### RECORDS PROVIDED
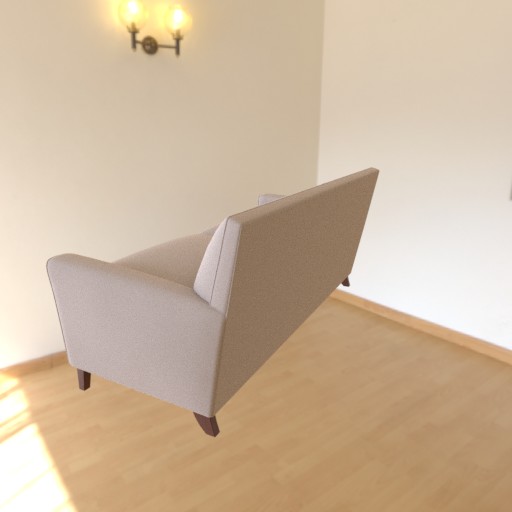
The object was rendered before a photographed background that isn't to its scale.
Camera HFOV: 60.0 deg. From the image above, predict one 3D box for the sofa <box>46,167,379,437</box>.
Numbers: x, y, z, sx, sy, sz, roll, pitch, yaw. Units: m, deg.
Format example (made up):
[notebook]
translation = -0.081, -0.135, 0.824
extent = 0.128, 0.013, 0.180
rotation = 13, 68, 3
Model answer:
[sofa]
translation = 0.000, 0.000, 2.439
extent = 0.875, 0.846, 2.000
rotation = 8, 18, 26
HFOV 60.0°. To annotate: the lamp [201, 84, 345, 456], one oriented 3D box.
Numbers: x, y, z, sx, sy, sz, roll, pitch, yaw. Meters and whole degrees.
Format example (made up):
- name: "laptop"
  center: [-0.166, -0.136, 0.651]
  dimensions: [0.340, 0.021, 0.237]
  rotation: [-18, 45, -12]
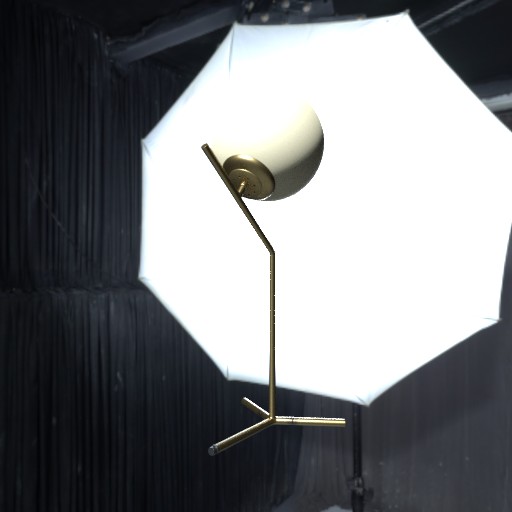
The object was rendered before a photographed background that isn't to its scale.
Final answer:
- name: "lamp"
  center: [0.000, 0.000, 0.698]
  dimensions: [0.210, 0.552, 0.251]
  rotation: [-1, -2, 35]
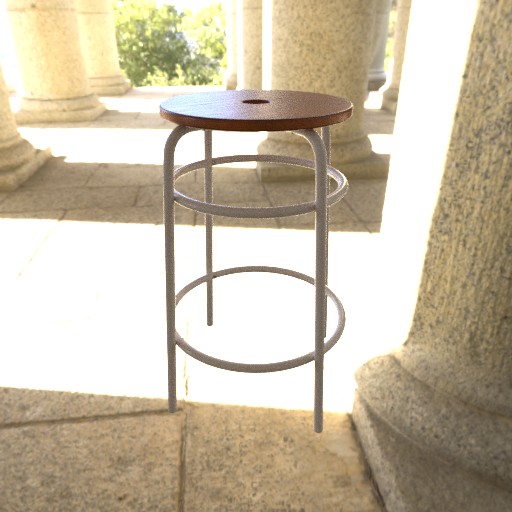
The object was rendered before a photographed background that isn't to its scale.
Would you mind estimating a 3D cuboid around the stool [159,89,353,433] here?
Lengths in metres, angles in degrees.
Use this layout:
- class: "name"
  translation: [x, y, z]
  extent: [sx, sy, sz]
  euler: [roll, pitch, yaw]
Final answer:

---

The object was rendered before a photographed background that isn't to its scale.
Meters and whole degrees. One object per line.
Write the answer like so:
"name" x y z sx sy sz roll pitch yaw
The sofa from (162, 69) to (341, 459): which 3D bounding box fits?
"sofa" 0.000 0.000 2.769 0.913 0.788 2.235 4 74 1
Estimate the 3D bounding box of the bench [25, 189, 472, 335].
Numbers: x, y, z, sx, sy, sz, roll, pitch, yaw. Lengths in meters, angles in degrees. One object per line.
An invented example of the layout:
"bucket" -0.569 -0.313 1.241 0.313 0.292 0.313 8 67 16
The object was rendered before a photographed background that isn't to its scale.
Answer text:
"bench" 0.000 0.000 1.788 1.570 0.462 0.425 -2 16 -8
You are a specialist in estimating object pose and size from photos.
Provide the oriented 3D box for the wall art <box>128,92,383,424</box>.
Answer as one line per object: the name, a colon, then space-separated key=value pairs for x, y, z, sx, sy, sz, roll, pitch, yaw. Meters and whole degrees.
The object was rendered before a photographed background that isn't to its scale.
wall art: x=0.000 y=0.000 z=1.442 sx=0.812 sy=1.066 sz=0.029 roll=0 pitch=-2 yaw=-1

### BRIEF
Take every line from the records above that has the word "estimating" and copy it.

### YOUR SOLUTION
Would you mind estimating a 3D cuboid around the stool [159,89,353,433] here?
You are a specialist in estimating object pose and size from photos.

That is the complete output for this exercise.